- **Exercise objective**: Among the lines below, take the one holding "Circle(SKETCH13_R)", the one holding "1. For P1, Ø5, axis", and all lines between them. Set them down exactly.

- **Data extracts**:
____

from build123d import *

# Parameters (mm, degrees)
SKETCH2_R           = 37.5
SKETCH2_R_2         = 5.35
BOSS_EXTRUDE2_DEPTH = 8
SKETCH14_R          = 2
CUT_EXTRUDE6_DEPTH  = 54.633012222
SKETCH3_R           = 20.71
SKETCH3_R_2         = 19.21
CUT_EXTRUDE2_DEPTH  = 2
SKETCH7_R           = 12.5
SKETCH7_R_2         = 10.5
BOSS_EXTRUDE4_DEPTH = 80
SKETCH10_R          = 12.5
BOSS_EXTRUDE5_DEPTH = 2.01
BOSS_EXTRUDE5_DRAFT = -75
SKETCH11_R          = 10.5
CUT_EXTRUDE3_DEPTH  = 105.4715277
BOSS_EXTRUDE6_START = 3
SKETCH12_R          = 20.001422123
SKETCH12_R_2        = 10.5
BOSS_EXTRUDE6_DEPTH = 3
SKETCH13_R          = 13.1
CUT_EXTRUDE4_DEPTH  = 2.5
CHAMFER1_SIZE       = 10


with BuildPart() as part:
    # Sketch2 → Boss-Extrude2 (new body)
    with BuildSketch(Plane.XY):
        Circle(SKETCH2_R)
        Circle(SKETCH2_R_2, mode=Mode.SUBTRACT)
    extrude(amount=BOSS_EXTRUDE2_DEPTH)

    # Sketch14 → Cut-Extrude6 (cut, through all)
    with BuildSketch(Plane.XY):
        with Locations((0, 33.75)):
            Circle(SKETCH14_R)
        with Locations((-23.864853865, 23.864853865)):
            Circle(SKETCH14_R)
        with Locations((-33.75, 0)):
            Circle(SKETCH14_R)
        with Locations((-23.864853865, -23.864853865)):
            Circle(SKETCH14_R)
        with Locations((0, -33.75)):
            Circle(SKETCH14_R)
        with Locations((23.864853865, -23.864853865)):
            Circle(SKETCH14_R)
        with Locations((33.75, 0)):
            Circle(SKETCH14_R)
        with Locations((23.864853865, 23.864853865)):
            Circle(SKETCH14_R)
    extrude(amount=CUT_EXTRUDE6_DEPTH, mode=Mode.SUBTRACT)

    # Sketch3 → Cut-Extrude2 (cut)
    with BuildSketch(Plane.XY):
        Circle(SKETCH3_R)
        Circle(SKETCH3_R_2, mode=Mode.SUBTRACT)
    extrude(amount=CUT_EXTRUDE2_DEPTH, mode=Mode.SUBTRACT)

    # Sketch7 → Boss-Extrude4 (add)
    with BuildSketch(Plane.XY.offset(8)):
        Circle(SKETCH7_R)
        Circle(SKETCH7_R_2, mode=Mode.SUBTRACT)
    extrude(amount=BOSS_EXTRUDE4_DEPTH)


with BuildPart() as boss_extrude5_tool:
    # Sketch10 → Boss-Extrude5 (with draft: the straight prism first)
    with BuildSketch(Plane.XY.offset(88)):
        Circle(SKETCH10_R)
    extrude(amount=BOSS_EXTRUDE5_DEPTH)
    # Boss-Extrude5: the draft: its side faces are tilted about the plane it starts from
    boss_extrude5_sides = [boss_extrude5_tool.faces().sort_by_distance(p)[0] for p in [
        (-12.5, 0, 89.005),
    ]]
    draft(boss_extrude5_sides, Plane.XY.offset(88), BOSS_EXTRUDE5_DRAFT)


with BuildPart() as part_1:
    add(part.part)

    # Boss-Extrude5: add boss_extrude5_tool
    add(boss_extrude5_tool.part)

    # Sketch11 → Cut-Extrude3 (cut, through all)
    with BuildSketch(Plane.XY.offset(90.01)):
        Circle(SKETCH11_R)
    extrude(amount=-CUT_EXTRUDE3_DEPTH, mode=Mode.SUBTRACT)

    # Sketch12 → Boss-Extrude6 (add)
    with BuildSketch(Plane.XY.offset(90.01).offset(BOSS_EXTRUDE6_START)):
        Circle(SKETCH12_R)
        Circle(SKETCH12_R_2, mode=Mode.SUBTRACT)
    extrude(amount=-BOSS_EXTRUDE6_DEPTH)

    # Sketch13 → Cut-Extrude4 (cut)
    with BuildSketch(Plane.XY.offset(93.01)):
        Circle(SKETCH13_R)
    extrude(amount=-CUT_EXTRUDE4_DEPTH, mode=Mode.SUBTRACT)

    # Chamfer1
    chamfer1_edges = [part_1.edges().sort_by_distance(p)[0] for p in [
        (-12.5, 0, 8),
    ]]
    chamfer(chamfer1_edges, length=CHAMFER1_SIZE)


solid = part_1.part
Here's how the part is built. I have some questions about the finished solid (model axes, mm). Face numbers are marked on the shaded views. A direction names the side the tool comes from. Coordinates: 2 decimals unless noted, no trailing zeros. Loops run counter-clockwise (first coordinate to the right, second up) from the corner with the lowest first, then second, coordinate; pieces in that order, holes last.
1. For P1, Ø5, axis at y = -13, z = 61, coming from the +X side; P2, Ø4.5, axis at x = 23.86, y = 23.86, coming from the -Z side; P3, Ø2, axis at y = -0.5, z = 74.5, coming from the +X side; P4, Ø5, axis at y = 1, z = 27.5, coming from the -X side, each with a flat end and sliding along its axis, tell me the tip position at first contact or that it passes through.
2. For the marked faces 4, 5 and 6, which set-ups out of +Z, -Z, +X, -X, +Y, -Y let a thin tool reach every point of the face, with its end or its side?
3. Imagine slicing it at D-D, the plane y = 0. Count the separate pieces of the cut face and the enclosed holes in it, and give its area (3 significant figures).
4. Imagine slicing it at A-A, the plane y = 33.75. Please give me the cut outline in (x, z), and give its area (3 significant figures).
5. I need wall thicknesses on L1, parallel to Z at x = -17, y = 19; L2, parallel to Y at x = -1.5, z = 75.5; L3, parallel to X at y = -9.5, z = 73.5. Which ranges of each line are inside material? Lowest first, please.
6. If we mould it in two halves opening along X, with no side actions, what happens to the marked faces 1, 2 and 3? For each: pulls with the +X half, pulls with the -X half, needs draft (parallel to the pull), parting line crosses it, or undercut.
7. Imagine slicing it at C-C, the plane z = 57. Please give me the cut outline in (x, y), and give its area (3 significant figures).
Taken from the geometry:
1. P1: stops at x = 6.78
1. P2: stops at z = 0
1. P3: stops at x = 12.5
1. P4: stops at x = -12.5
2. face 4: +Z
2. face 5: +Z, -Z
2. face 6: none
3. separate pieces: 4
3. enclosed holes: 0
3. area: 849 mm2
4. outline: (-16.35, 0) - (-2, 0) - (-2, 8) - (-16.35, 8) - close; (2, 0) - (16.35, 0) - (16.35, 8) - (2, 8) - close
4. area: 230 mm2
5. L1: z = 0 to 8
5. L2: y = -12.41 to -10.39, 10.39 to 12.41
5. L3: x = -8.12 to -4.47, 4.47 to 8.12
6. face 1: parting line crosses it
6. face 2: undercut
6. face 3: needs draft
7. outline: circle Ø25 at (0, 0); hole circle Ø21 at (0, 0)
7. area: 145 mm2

____

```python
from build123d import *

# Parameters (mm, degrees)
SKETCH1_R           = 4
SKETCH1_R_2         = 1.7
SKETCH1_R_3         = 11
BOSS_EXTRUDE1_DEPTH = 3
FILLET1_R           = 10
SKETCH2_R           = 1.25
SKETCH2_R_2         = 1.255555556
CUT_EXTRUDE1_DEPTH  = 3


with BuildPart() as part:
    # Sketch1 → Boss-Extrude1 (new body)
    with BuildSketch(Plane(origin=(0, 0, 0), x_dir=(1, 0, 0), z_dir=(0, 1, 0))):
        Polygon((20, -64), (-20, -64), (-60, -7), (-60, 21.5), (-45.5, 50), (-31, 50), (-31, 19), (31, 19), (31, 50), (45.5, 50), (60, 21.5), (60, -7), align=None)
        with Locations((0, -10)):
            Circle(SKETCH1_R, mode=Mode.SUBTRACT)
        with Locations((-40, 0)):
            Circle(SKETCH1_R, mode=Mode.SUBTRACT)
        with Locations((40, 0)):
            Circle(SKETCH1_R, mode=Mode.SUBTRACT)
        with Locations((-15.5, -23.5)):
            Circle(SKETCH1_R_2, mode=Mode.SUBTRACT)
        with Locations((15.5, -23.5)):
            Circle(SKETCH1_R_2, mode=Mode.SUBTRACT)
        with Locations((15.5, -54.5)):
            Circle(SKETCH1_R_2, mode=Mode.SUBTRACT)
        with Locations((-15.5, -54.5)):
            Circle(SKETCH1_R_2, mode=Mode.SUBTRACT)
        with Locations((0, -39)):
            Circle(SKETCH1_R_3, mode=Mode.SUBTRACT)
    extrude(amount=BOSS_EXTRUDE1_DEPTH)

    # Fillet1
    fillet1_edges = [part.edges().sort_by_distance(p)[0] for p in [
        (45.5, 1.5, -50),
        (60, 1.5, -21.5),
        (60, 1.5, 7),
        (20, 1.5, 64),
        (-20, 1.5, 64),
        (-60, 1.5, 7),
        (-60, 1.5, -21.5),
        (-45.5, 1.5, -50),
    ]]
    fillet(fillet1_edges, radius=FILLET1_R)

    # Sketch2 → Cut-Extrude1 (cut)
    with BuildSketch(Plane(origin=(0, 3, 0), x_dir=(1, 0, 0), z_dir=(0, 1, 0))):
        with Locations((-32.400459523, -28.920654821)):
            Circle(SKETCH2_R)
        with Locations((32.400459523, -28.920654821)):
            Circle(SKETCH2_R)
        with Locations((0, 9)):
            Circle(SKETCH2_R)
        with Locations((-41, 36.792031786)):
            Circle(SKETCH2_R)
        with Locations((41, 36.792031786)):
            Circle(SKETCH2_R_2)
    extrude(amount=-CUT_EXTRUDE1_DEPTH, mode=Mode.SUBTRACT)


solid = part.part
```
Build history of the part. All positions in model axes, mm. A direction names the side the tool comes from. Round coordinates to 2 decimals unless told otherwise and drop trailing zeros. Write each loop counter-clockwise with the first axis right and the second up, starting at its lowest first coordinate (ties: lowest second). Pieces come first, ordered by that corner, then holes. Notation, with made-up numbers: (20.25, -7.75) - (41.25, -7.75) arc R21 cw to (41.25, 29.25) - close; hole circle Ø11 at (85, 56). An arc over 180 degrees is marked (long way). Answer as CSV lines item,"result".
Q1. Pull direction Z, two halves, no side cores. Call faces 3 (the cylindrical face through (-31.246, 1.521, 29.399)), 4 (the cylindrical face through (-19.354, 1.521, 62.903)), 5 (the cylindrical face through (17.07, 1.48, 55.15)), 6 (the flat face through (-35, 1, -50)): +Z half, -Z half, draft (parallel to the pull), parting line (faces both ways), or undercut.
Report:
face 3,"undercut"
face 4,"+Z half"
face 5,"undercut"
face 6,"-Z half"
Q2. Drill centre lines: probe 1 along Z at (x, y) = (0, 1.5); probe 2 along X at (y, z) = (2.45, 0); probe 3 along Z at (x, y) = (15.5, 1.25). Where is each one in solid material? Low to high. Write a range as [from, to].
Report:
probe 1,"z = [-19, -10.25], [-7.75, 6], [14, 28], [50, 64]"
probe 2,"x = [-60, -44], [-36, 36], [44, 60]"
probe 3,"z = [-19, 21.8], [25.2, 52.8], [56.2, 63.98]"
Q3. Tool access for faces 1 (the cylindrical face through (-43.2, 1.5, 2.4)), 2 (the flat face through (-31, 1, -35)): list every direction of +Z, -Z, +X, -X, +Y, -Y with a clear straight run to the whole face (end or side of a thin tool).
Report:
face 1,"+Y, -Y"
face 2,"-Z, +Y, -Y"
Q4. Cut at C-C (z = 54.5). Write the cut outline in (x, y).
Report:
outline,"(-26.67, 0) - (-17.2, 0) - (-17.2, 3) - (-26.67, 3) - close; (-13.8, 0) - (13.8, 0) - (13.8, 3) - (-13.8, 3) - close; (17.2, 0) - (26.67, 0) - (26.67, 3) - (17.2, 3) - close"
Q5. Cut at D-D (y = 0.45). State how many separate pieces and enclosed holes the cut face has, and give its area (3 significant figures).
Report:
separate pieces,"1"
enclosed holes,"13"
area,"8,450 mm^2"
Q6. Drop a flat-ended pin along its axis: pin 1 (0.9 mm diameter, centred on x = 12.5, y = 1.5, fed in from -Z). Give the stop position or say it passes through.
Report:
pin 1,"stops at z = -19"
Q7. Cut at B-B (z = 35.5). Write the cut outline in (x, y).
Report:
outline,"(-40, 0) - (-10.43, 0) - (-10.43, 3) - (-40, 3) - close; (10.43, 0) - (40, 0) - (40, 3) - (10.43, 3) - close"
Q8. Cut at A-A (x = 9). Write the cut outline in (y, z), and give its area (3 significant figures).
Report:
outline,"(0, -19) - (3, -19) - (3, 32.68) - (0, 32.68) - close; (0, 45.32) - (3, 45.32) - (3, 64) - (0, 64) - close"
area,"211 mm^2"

____

- **Exercise solution**:
        Circle(SKETCH13_R)
    extrude(amount=-CUT_EXTRUDE4_DEPTH, mode=Mode.SUBTRACT)

    # Chamfer1
    chamfer1_edges = [part_1.edges().sort_by_distance(p)[0] for p in [
        (-12.5, 0, 8),
    ]]
    chamfer(chamfer1_edges, length=CHAMFER1_SIZE)


solid = part_1.part
Here's how the part is built. I have some questions about the finished solid (model axes, mm). Face numbers are marked on the shaded views. A direction names the side the tool comes from. Coordinates: 2 decimals unless noted, no trailing zeros. Loops run counter-clockwise (first coordinate to the right, second up) from the corner with the lowest first, then second, coordinate; pieces in that order, holes last.
1. For P1, Ø5, axis at y = -13, z = 61, coming from the +X side; P2, Ø4.5, axis at x = 23.86, y = 23.86, coming from the -Z side; P3, Ø2, axis at y = -0.5, z = 74.5, coming from the +X side; P4, Ø5, axis at y = 1, z = 27.5, coming from the -X side, each with a flat end and sliding along its axis, tell me the tip position at first contact or that it passes through.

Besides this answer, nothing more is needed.